After Thursday's sharp decline, the Greenback is trading broadly steady on Friday, grappling with the implications of the Fed’s aggressive rate cut and contrasting monetary policies from other global central banks.

The Federal Reserve's decision to cut interest rates by 50 basis points marks a significant shift in its monetary policy stance. This move, aimed at reviving labor market strength amid declining inflation towards the 2% target, signals the commencement of an aggressive policy-easing cycle. The Fed's dot plot suggests a range of fed rate of 4.25%-4.50% by year-end, but market expectations are leaning towards even further cuts, potentially bringing rates down to the 4.00%-4.25% range:

This dovish outlook has naturally exerted downward pressure on the USD, as lower interest rates diminish the currency's appeal to yield-seeking investors.

In stark contrast, the Bank of England opted to keep its interest rates steady, underscoring a cautious approach in the face of persistent inflationary pressures. Similarly, the Bank of Japan (BoJ) maintained its interest rate at 0.25%. BoJ Governor Kazuo Ueda highlighted softer-than-anticipated inflation and reiterated the bank's readiness to adjust policy if necessary. These divergent monetary paths are causing the USD to struggle against both the GBP and the JPY, as investors recalibrate their strategies based on interest rate differentials.

The Euro is also gaining traction, with EUR/USD gathering strength and eyeing the 1.1230-1.1270 resistance zone:

Speculation is mounting that the European Central Bank will hold its Deposit Facility rate at 3.5% in the upcoming October meeting. While some ECB policymakers advocate for a gradual policy-easing approach, concerns about sticky services inflation persist. ECB President Christine Lagarde's upcoming speech could provide further insights into the bank's monetary policy trajectory.

Equity markets are exhibiting signs of profit-taking after the post-Fed rally, with both European equities and US futures trading slightly in the red. However, the losses are contained, suggesting that investors are cautiously reassessing their positions rather than initiating a broad sell-off.
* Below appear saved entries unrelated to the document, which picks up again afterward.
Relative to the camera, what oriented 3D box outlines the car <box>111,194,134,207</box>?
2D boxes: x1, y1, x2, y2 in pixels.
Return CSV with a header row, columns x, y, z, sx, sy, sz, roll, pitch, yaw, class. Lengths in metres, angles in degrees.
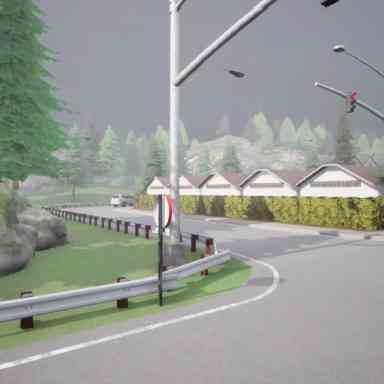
x,y,z,sx,sy,sz,roll,pitch,yaw,class
-10.518,1.398,53.859,2.150,2.045,5.566,0,0,36,car
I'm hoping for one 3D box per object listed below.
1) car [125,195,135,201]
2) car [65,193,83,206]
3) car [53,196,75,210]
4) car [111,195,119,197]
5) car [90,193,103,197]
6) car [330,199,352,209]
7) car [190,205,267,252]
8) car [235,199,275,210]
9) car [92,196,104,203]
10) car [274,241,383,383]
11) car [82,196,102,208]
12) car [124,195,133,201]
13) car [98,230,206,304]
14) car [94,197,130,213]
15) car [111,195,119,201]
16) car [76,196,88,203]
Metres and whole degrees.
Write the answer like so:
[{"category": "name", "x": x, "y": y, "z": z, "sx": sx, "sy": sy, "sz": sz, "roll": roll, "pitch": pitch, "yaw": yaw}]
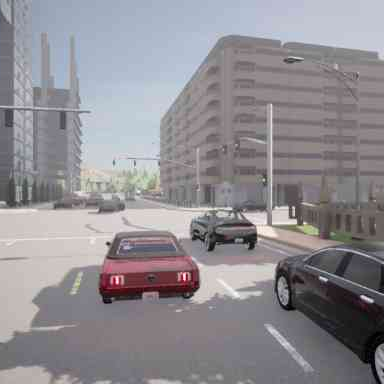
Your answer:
[{"category": "car", "x": -14.764, "y": 1.591, "z": 79.457, "sx": 1.895, "sy": 1.301, "sz": 4.718, "roll": 0, "pitch": 0, "yaw": -14}, {"category": "car", "x": -19.284, "y": 1.221, "z": 53.262, "sx": 2.150, "sy": 2.045, "sz": 5.566, "roll": 0, "pitch": 0, "yaw": -13}, {"category": "car", "x": -16.986, "y": 1.601, "z": 43.775, "sx": 1.895, "sy": 1.301, "sz": 4.718, "roll": 0, "pitch": 0, "yaw": -14}, {"category": "car", "x": -18.155, "y": 1.548, "z": 78.589, "sx": 1.994, "sy": 1.385, "sz": 4.181, "roll": 0, "pitch": 0, "yaw": -14}, {"category": "car", "x": -16.993, "y": 1.221, "z": 58.723, "sx": 2.150, "sy": 2.045, "sz": 5.566, "roll": 0, "pitch": 0, "yaw": -13}, {"category": "car", "x": 17.183, "y": 1.603, "z": 40.313, "sx": 5.357, "sy": 1.411, "sz": 2.033, "roll": 0, "pitch": 0, "yaw": -15}, {"category": "car", "x": 1.155, "y": 1.492, "z": 14.081, "sx": 2.128, "sy": 1.511, "sz": 4.902, "roll": 0, "pitch": 0, "yaw": -12}, {"category": "car", "x": 6.987, "y": 1.560, "z": 37.768, "sx": 4.892, "sy": 1.490, "sz": 1.837, "roll": 0, "pitch": 0, "yaw": -14}, {"category": "car", "x": -19.344, "y": 1.525, "z": 68.672, "sx": 2.128, "sy": 1.511, "sz": 4.902, "roll": 0, "pitch": 0, "yaw": -14}, {"category": "car", "x": 2.821, "y": 1.505, "z": 5.010, "sx": 1.837, "sy": 1.490, "sz": 4.892, "roll": 0, "pitch": 0, "yaw": -7}, {"category": "car", "x": -14.703, "y": 1.601, "z": 49.235, "sx": 1.895, "sy": 1.301, "sz": 4.718, "roll": 0, "pitch": 0, "yaw": -13}, {"category": "car", "x": -17.135, "y": 1.535, "z": 89.204, "sx": 2.033, "sy": 1.411, "sz": 5.357, "roll": 0, "pitch": 0, "yaw": -14}, {"category": "car", "x": -1.173, "y": 1.601, "z": 8.230, "sx": 1.895, "sy": 1.301, "sz": 4.718, "roll": 0, "pitch": 0, "yaw": -11}, {"category": "car", "x": -8.839, "y": 1.566, "z": 37.081, "sx": 1.994, "sy": 1.385, "sz": 4.181, "roll": 0, "pitch": 0, "yaw": 7}, {"category": "car", "x": -20.536, "y": 1.548, "z": 88.376, "sx": 1.994, "sy": 1.385, "sz": 4.181, "roll": 0, "pitch": 0, "yaw": -14}, {"category": "car", "x": -23.946, "y": 1.539, "z": 72.781, "sx": 2.033, "sy": 1.411, "sz": 5.357, "roll": 0, "pitch": 0, "yaw": -14}]
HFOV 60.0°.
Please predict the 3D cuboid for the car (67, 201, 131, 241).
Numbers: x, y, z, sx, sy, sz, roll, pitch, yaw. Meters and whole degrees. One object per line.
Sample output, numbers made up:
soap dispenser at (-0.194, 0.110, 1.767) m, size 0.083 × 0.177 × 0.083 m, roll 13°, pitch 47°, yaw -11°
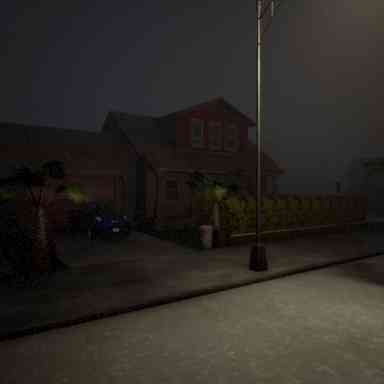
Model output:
car at (-4.112, 1.174, 14.537) m, size 1.845 × 1.501 × 3.633 m, roll 0°, pitch 0°, yaw -38°
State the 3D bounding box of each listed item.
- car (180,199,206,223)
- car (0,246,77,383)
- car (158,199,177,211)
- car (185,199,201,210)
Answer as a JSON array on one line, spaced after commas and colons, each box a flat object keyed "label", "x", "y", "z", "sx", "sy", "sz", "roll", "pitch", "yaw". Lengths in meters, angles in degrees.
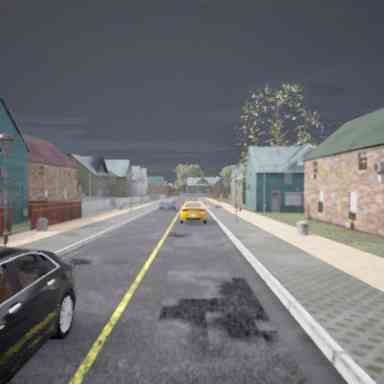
[{"label": "car", "x": 0.097, "y": 1.468, "z": 25.703, "sx": 1.882, "sy": 1.535, "sz": 5.008, "roll": 0, "pitch": 0, "yaw": 0}, {"label": "car", "x": -2.842, "y": 1.502, "z": 3.762, "sx": 1.837, "sy": 1.490, "sz": 4.892, "roll": 0, "pitch": 0, "yaw": 0}, {"label": "car", "x": -2.847, "y": 1.512, "z": 39.641, "sx": 1.812, "sy": 1.442, "sz": 4.674, "roll": 0, "pitch": 0, "yaw": 0}, {"label": "car", "x": 0.095, "y": 1.587, "z": 43.114, "sx": 1.895, "sy": 1.301, "sz": 4.718, "roll": 0, "pitch": 0, "yaw": 0}]
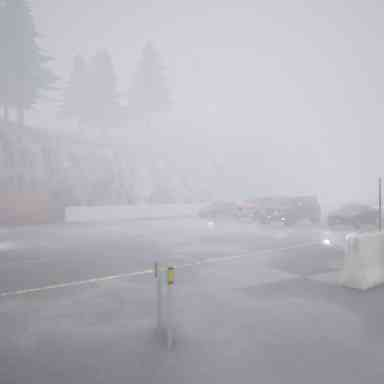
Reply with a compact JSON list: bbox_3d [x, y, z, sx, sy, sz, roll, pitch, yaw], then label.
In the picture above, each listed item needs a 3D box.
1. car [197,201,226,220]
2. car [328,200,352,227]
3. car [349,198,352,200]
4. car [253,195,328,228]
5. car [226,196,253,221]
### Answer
[{"bbox_3d":[2.586,1.576,28.874,4.892,1.490,1.837,0,0,-43],"label":"car"},{"bbox_3d":[10.818,1.533,22.190,5.008,1.535,1.882,0,0,-43],"label":"car"},{"bbox_3d":[29.067,1.745,59.678,1.895,1.301,4.718,0,0,34],"label":"car"},{"bbox_3d":[7.026,1.280,23.432,5.566,2.045,2.150,0,0,-42],"label":"car"},{"bbox_3d":[5.558,1.288,26.823,5.566,2.045,2.150,0,0,-43],"label":"car"}]
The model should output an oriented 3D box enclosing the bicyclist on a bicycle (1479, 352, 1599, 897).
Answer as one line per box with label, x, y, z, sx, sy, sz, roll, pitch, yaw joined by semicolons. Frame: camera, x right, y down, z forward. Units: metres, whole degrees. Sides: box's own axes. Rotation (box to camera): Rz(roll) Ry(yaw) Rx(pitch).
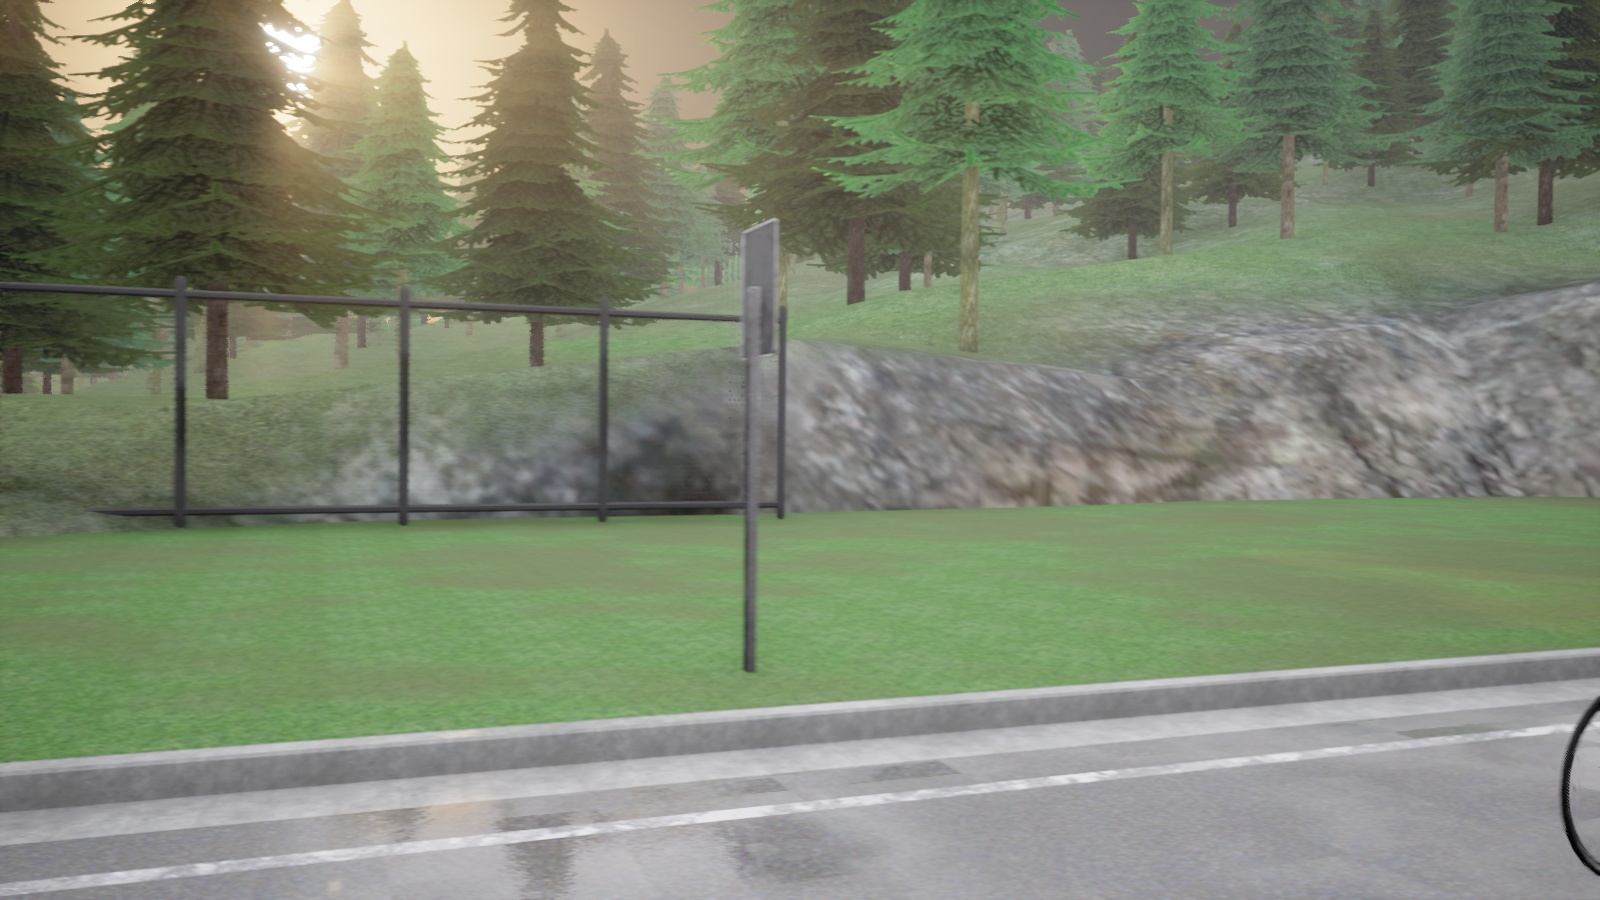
bicyclist on a bicycle;3.421;0.558;4.536;1.843;1.776;0.659;-1;1;-21
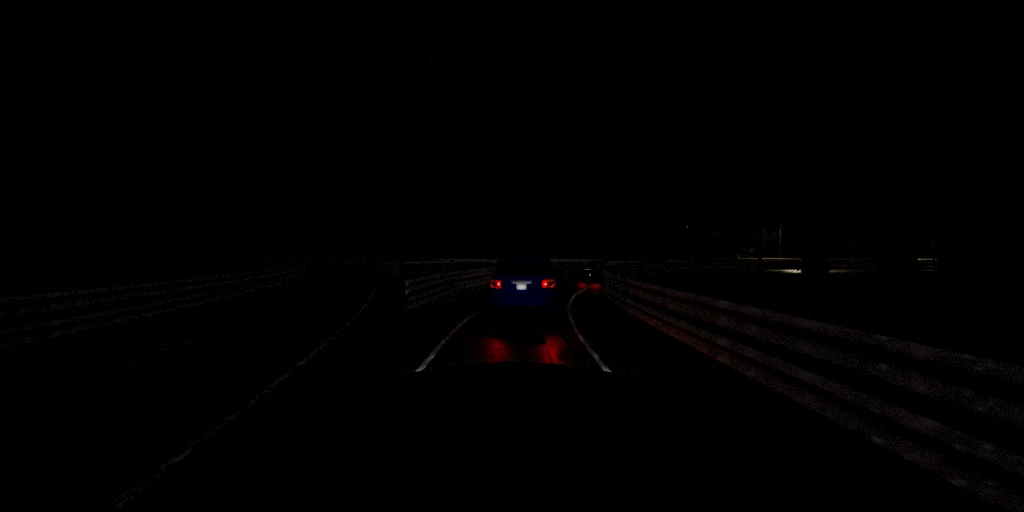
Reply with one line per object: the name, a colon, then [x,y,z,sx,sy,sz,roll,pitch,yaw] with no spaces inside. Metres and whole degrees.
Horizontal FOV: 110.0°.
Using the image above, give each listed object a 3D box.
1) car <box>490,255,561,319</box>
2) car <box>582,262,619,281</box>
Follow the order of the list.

Looking ahead, the US economic calendar is relatively light today, providing a respite for traders after a tumultuous week. However, the calm may be short-lived. Next week brings a slew of significant US economic data releases, including the final Q2 Gross Domestic Product figures and the Personal Consumption Expenditures Price Index—the Fed's preferred measure of inflation. These data points will be crucial for assessing the health of the US economy and could significantly influence market sentiment and USD valuation.